Думаю, необходимость развлекать такую толпу должна была бы вызвать у меня тревогу, но, видишь ли, у меня появился совершенно новый взгляд на время. Оно вовсе не жесткое и фиксированное, как мы привыкли думать, а мягкое и гофрированное, и под сильным давлением складывается… так, что люди из различных поколений оказываются рядом, вынуждены стоять на одной и той же земле и дышать одним и тем же воздухом, и уже нет смысла говорить «живой» или «мертвый», потому что никто полностью не живет и не умирает. Лея что-то изучает у ног Анри Ле Клерка, По пишет стихи вместе с Мэтти Лэндор, а я… я беседую с олдерменом Хантом, и Нафтали Джудой, и Клодиусом Футом, который, как и прежде, убеждает меня в том, что он ограбил чертову почту Балтимора, а не Рочестера.
Они не занимают много места, все эти гости, и дают мне спокойно работать. В общем-то меня радует, что они занимаются теми же делами, что и при жизни. Что не поют в божественном хоре. Не горят в адском пламени. Уж больно много дел. И мне интересно, останутся ли они здесь, когда меня не станет. Может, я даже присоединюсь к ним, и мы на все времена будем вместе…
И, наверное, с нами будет и Мэтти. Вполне возможно. Во всяком случае, от этого мне легче думать о конце. Который наступает сейчас.
Эпилог
Работа окончена. Все, что можно, записано, осталось правосудие.

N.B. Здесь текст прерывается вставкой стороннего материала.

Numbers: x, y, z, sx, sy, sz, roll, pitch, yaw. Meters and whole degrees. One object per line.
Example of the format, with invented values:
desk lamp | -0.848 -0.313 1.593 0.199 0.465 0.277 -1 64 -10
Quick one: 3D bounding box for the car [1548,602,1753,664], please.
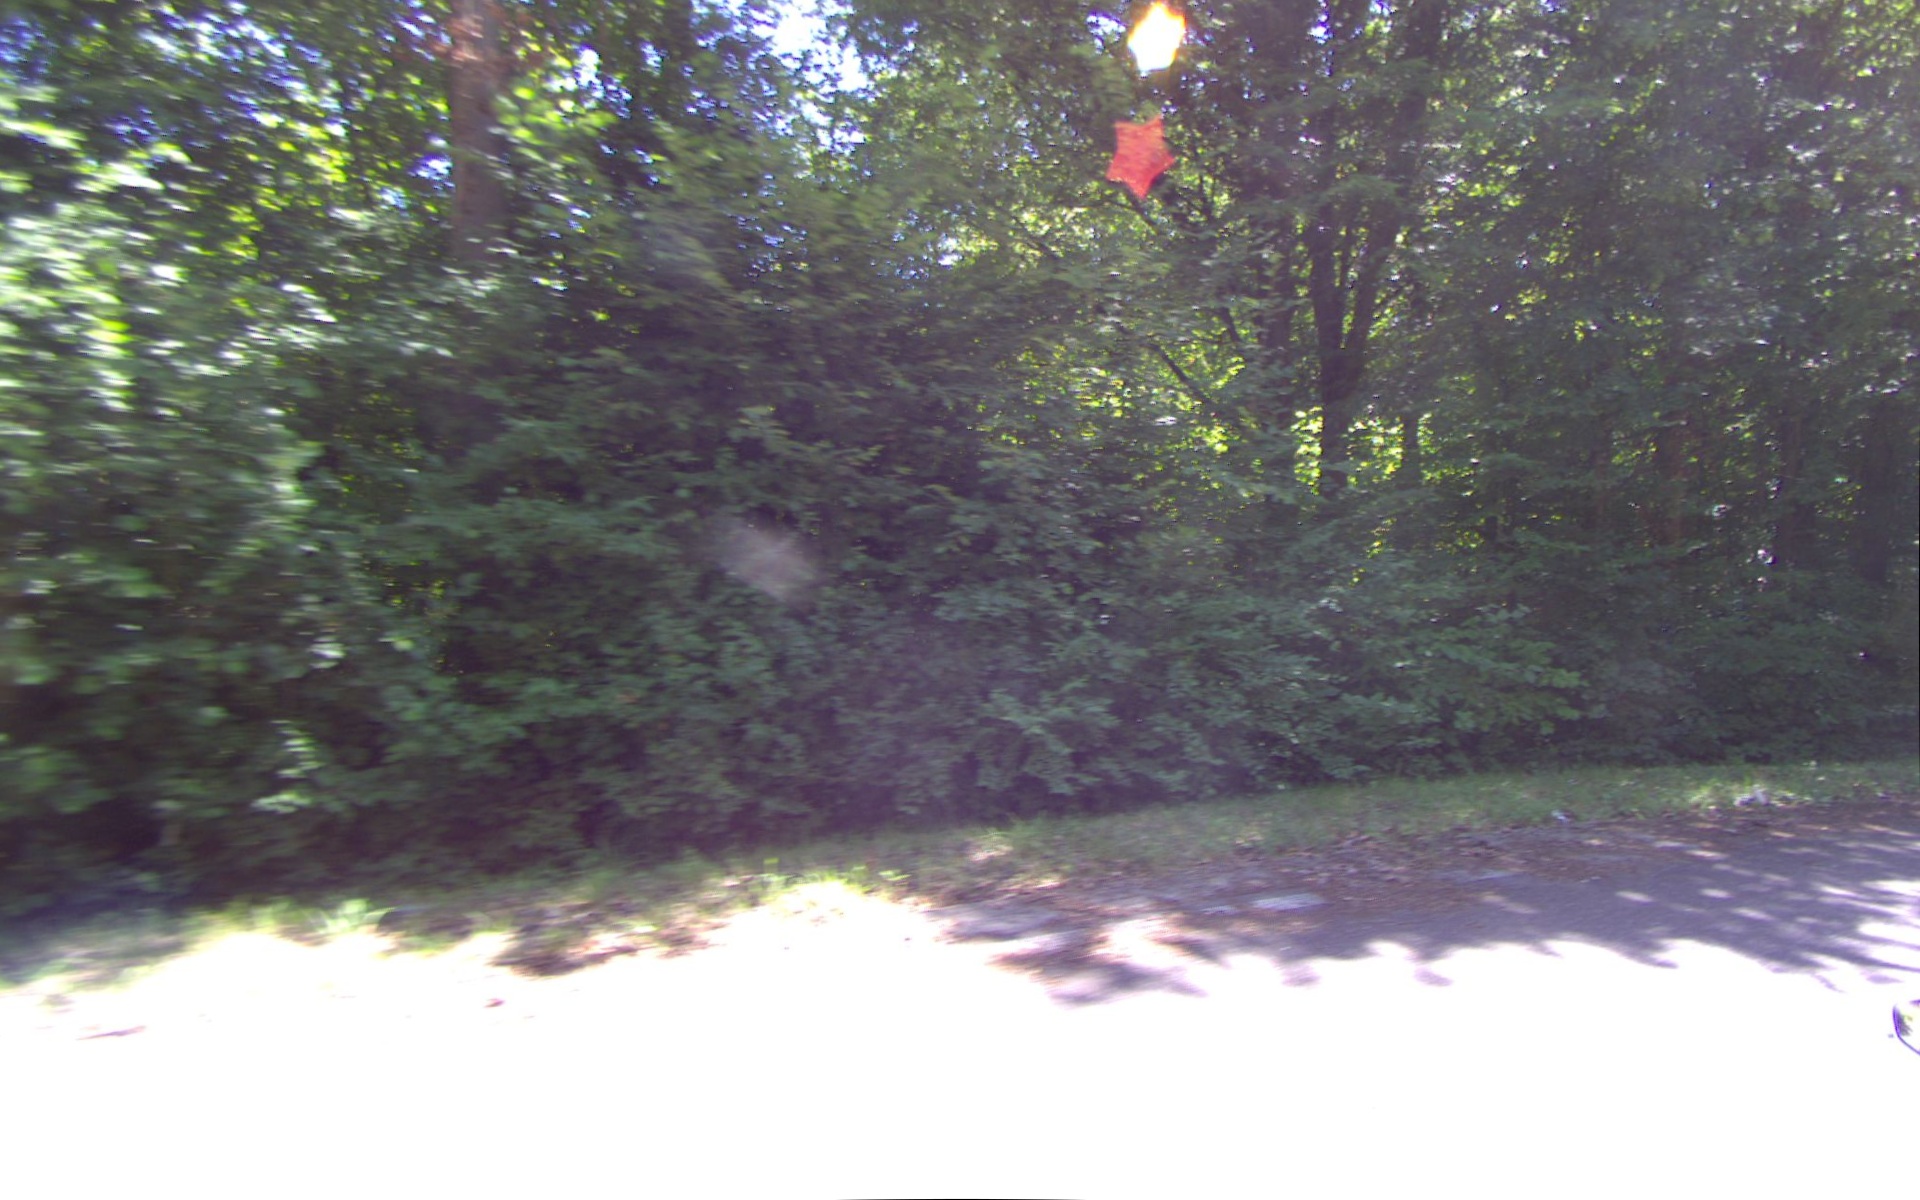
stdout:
car | 18.585 0.845 27.273 4.461 1.472 1.756 0 2 33

Я откладываю перо. Оставляю свою рукопись в глубине ящика стола, за рядом чернильниц. Первый, кто зайдет в дом, ее не найдет. Нет, чтобы найти, понадобится кто-то более любопытный. Но рукопись обязательно найдут.
Я машу своей жене, просеивающей золу в камине. Желаю доброго дня олдермену Ханту и Клодиусу Футу. Чешу за ухом лабрадора-ретривера.
Снаружи прекрасная погода. Первый теплый день года: зимний свет золотится пыльцой, тюльпанные деревья окутаны розовой дымкой, стайка малиновок летает над лугом. Думаю, лучше покидать мир тогда, когда он предстает во всей своей красе. Потому что можешь быть уверен: твое сознание ясно.
Я иду той же дорогой, которой мы когда-то шли вместе с Мэтти. Стою на том же утесе и смотрю вниз, на реку. Даже с такой большой высоты можно разглядеть, как величаво несет себя Гудзон. Зимняя корка уже сброшена, и с севера прибывает вода, пенясь у берегов.